The fabricated Au nanopyramid array on the glass substrate displayed an intense reflection peak centered at 865 nm corresponding to the plasmonic corner mode, the orange solid curve as shown in Fig. 2(b), which was consistent with the reflection peak at 850 nm calculated by FDTD, as shown by the olive dashed curve. The minor reflection peak at around 750 nm in the calculated reflection spectrum was ascribed to the edge mode, which was not clearly seen in the experimental data due to the rounded edge. The reflection peak contributed to strong light scattering of individual nanopyramids under excitation of the localized surface-plasmon resonance (LSPR) mode at the corner while light absorption by individual nanopyramids was small, as shown in Fig. S4 (ESI). It was not surprising because the size/volume of the nanopyramids was quite large. For the LSPR-associated total extinction spectra of the nanoparticles, both light absorption and scattering contribute to the total extinction.6 When the particle size is relatively small (typically less than 15 nm), light absorption is dominant. When the particle size increases, light scattering becomes dominant. In addition, the major reflection peak corresponding to the plasmonic corner mode redshifts with a decrease in the pyramid height, as shown in Fig.

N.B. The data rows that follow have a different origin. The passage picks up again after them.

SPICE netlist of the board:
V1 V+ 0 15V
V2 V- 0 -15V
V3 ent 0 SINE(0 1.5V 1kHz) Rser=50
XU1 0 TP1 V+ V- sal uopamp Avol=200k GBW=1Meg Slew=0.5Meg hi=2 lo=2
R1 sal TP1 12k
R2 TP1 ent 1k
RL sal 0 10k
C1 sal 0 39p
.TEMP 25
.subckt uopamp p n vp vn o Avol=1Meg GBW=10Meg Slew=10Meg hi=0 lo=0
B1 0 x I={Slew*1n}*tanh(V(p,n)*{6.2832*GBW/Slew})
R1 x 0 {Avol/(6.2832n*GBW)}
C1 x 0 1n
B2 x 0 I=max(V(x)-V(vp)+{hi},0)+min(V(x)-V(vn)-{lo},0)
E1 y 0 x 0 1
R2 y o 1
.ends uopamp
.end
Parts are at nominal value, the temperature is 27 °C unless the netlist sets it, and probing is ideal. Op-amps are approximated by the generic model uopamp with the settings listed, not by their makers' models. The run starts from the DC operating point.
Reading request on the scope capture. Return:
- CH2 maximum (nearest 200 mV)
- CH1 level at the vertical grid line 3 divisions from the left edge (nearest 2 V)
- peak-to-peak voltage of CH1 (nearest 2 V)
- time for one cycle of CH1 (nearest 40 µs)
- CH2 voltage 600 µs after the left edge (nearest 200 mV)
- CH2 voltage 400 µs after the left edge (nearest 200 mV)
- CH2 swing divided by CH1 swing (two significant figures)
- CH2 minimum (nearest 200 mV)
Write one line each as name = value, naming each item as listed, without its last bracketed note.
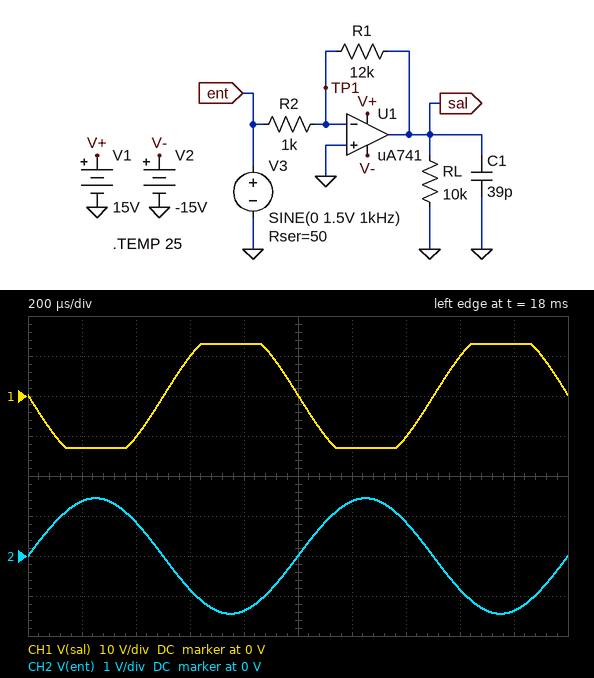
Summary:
CH2 maximum = 1.4 V
CH1 level at the vertical grid line 3 divisions from the left edge = 10 V
peak-to-peak voltage of CH1 = 26 V
time for one cycle of CH1 = 1.00 ms
CH2 voltage 600 µs after the left edge = -800 mV
CH2 voltage 400 µs after the left edge = 800 mV
CH2 swing divided by CH1 swing = 0.11
CH2 minimum = -1.4 V
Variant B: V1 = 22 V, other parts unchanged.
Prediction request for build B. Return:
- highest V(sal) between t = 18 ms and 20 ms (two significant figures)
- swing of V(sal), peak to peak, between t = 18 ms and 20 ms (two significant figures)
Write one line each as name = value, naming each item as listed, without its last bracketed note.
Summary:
highest V(sal) between t = 18 ms and 20 ms = 17 V
swing of V(sal), peak to peak, between t = 18 ms and 20 ms = 30 V
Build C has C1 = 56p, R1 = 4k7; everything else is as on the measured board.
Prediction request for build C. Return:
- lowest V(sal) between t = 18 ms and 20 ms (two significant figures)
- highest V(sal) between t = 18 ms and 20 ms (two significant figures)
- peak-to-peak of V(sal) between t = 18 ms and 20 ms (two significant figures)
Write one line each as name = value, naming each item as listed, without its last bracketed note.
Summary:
lowest V(sal) between t = 18 ms and 20 ms = -6.7 V
highest V(sal) between t = 18 ms and 20 ms = 6.7 V
peak-to-peak of V(sal) between t = 18 ms and 20 ms = 13 V
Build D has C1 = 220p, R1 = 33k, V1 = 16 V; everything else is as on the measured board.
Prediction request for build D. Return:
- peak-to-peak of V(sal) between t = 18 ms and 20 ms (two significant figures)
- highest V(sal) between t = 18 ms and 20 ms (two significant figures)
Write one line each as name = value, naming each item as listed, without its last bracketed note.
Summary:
peak-to-peak of V(sal) between t = 18 ms and 20 ms = 27 V
highest V(sal) between t = 18 ms and 20 ms = 14 V
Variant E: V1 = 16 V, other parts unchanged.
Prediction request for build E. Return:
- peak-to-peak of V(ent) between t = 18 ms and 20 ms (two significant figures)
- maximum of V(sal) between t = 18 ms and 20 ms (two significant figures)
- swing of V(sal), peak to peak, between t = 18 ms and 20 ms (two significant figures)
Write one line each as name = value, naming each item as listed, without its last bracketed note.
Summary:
peak-to-peak of V(ent) between t = 18 ms and 20 ms = 2.9 V
maximum of V(sal) between t = 18 ms and 20 ms = 14 V
swing of V(sal), peak to peak, between t = 18 ms and 20 ms = 27 V

S5 (ESI). The FDTD simulation results show that the localized electric field enhancement took place primarily on the four corners, where surface polarization charges accumulate at the corners as shown in Fig. S6 (ESI). As a result, the plasmonic corner mode exhibits intense electric field enhancement. The calculated maximum electric field enhancement (|E|/|E0|) at the corners was estimated to be 271, as shown in Fig. S7 (ESI).

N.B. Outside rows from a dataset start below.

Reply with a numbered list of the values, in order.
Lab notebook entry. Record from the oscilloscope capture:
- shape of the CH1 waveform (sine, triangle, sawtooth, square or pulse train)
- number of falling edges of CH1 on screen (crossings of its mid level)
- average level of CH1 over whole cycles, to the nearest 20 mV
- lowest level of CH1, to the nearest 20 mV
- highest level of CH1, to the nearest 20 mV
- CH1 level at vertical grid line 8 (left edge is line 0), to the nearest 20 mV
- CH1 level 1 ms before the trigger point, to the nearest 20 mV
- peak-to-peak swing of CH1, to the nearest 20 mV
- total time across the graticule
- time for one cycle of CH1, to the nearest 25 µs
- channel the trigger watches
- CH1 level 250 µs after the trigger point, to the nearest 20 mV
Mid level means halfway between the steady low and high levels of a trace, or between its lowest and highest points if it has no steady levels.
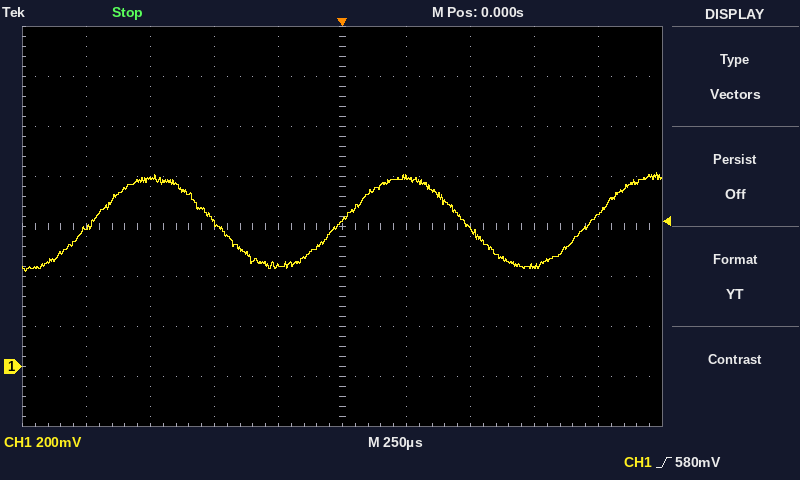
1. sine
2. 2
3. 580 mV
4. 380 mV
5. 780 mV
6. 400 mV
7. 560 mV
8. 400 mV
9. 2.5 ms
10. 975 µs
11. CH1
12. 760 mV

Strong light absorption in the film-coupled gold nanopyramid array

Although the top-view SEM images looked the same for the Au nanopyramid arrays with and without an underlying Au film, their optical properties were significantly different, as shown in Fig. 2. After the Au nanopyramid array was coupled to a gold film with a silica film as the spacer layer, the strong reflection peak disappeared completely. Instead, the film-coupled Au nanopyramid array exhibited strong light absorption, which was featured as an intense dip in the reflection spectra, as shown in Fig. 2(c). When the thickness of the silica spacer layer was reduced from 130 nm to 35 nm, the reflection dip underwent a redshift from 834 nm to 918 nm. This trend was also confirmed by FDTD simulation, as shown in Fig. 2(d).

The observed intense reflection dip was ascribed to the plasmonic gap modes, which were induced in the spacer layer between the Au nanopyramid array and the underlying Au film. Since a transmission line type of resonance can be sustained at the gap,41 the incident light can be guided into the gap region and adjust itself to satisfy the boundary conditions. The impedance mismatch at the gap edge causes most of the incident light to be trapped inside the gap, and thus contributes to the strong absorption. This was confirmed by calculation of surface polarization charge distributions for a film-coupled Au nanopyramid array with a 10 nm thick silica spacer layer (Fig. 3). This plasmonic antenna exhibited two dips at 1135 nm and 790 nm in the reflection spectrum, as shown in the green dash-dotted curve in Fig. 2(d). The primary plasmonic gap mode at 1135 nm showed a stronger reflection dip than the one at 790 nm, which can be interpreted by the fact that the positive and negative surface polarization charges were well separated from each other, as shown in the middle column in Fig. 3. The higher-order plasmonic gap mode at 790 nm displayed a less intense reflection dip because its net dipole momentum was partially cancelled. By varying the thickness of the spacer layer, the plasmonic gap modes can be spectrally tuned (Fig. 2(c and d)). Herein, the study was focused on the primary plasmonic gap mode, which will be called the plasmonic gap mode in the following sections.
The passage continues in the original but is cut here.